Постепенно меня начали мучить мысли о данном Клавдии обещании, нарушенном мною помимо собственной воли, и ощущение того, что Лугунда скорее моя сожительница, чем законная жена. Не мог же я относиться всерьез к бракосочетанию, совершенному по обычаю варваров!

Но я был еще слишком молод, и мое приученное к суровому воздержанию тело быстро привыкло к обжигающим ласкам Лугунды, так что отъезд в Камулодун я все откладывал да откладывал.

Однако пресыщение зачастую изнуряет еще больше, чем аскетизм, и вскоре между мной и Лугундой стало нарастать напряжение. То и дело мы бросали друг другу обидные, злые слова, и нас уже объединяло только брачное ложе. Когда я наконец вернулся к своим, я казался себе вырвавшимся на свободу узником, сбросившим оковы; я словно пробудился от колдовских чар и чувствовал себя птицей, вылетевшей из клетки, а потому совсем не упрекал себя за то, что покинул Лугунду. Она добилась, чего хотела, и должна быть довольна этим, полагал я.

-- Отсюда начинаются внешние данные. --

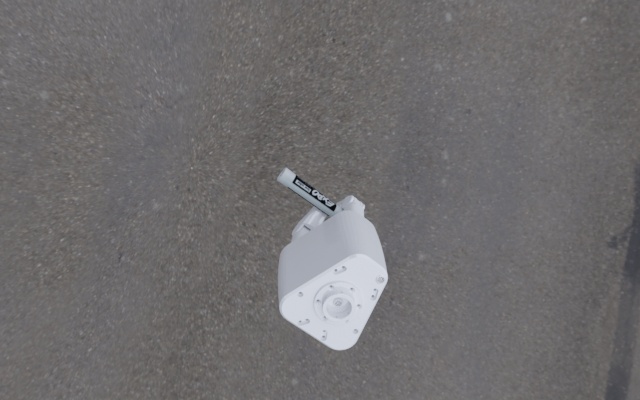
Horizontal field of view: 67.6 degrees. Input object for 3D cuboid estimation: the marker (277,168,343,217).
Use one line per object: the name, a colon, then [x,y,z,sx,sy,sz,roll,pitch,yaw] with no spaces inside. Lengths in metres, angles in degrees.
marker: [0.000,0.002,0.591,0.121,0.020,0.020,36,-10,-15]
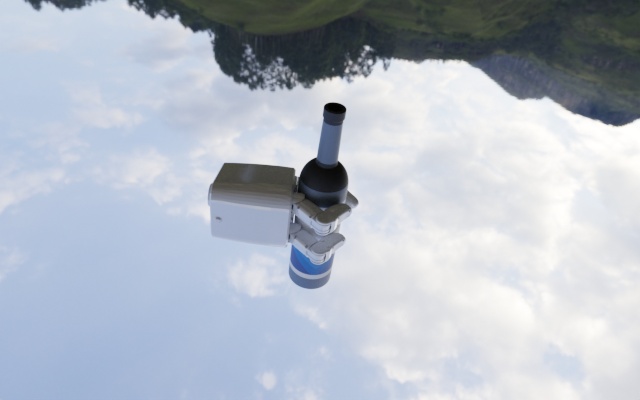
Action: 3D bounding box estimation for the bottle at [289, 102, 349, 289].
[{"bbox_3d":[0.000,0.002,0.657,0.069,0.296,0.069,5,40,-4],"label":"bottle"}]
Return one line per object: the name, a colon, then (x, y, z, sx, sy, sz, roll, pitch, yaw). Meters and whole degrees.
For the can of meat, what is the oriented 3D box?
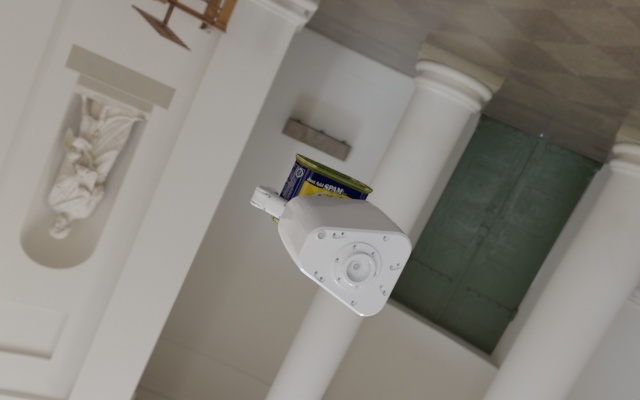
can of meat: (0.000, 0.002, 0.587, 0.102, 0.084, 0.057, 22, 9, -21)
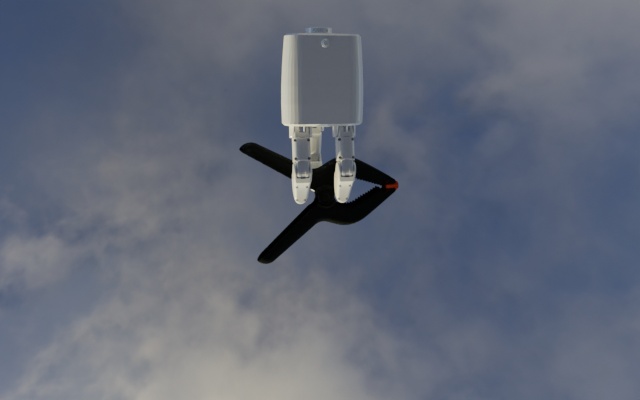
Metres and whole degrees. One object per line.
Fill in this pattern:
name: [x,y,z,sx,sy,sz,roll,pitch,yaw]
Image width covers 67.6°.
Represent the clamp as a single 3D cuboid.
clamp: [0.000,0.002,0.642,0.210,0.164,0.036,-3,16,-11]

Веспасиан освободил меня от строевых занятий и штабной службы, обязательной для военных трибунов, и я сел заново переписывать свою книгу о Британии. Волшебное очарование первого лета ушло, и я был краток и деловит настолько, насколько это вообще представлялось мне возможным. Я уже не идеализировал бриттов, как прежде, и даже иронизировал над некоторыми их обычаями. Я признал заслуги Божественного Юлия Цезаря в покорении Британии, но указал также и на то, что, например, союзный договор Божественного Августа с некоторыми местными племенами означал в глазах последних не что иное, как обычный обмен подношениями.

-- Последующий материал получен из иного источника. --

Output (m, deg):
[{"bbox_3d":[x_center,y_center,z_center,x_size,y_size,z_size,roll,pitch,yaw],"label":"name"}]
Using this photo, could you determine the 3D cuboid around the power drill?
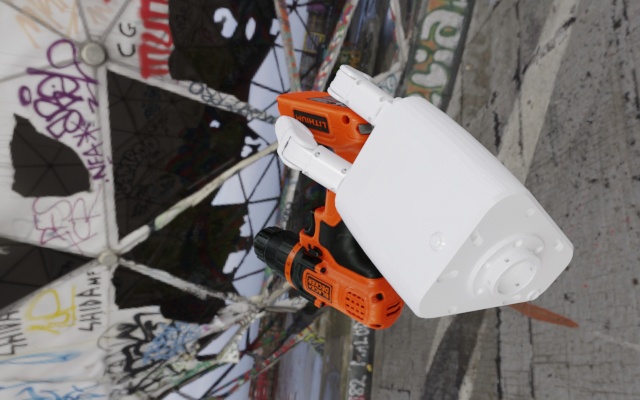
[{"bbox_3d":[0.000,0.001,0.427,0.057,0.188,0.184,-19,28,-41],"label":"power drill"}]
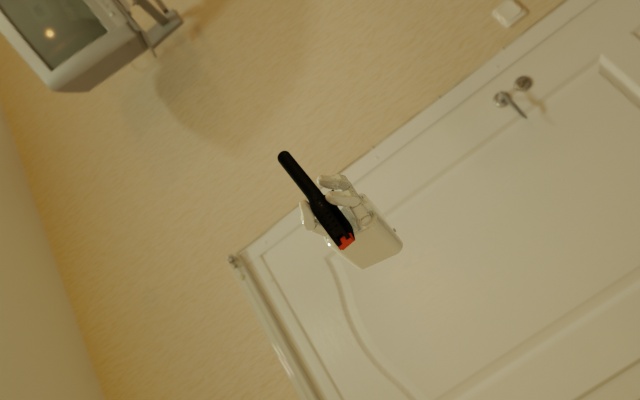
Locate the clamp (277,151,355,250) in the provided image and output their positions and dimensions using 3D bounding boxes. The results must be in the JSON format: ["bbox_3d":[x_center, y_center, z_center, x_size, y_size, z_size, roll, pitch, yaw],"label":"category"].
[{"bbox_3d":[0.000,0.004,0.831,0.165,0.036,0.209,39,15,-35],"label":"clamp"}]
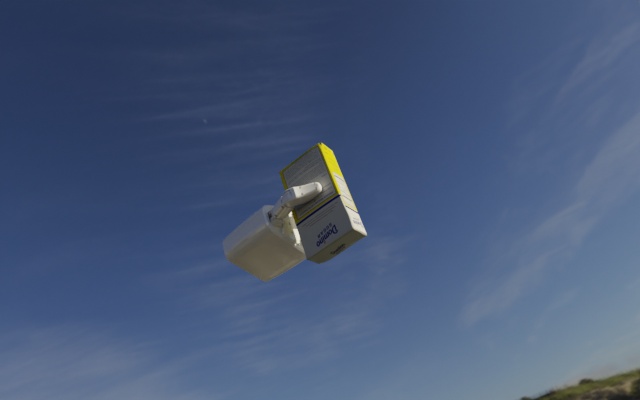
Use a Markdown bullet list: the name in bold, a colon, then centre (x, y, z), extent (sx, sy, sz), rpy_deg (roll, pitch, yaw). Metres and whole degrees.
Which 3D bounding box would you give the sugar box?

Напротив, я отдал должное императору Клавдию за то, что он объединил юг Британии и включил его в Римскую империю, а также восславил Авла Плавция за быстрое умиротворение этой части государства. Веспасиан просил меня не слишком-то выпячивать его личный вклад, ибо он по-прежнему ждал приезда прокуратора или верховного командующего и не хотел восстанавливать против себя кого-нибудь из знатных римлян.